Every line below that has the string "object" needs to be copied.
Records Block Start
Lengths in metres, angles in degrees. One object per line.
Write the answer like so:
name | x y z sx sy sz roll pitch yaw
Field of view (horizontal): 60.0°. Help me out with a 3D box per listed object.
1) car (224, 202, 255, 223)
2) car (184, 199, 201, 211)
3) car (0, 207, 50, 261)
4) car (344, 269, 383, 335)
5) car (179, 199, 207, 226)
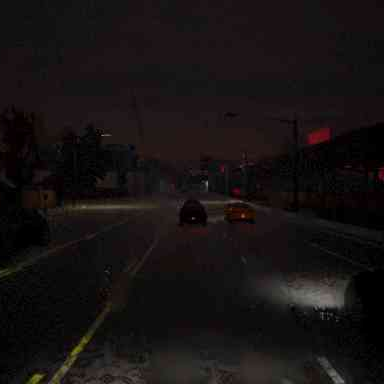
car | 3.577 1.536 25.818 1.882 1.535 5.008 0 0 0
car | 0.060 1.552 41.107 1.994 1.385 4.181 0 0 0
car | -7.111 1.393 12.329 2.097 1.767 4.553 0 0 0
car | 3.594 1.539 3.942 1.812 1.442 4.674 0 0 0
car | 0.078 1.538 23.941 1.882 1.535 5.008 0 0 0
Records Block End
> Result of this exercise
Lengths in metres, angles in degrees. One object per line.
Field of view (horizontal): 60.0°. Help me out with a 3D box per listed object.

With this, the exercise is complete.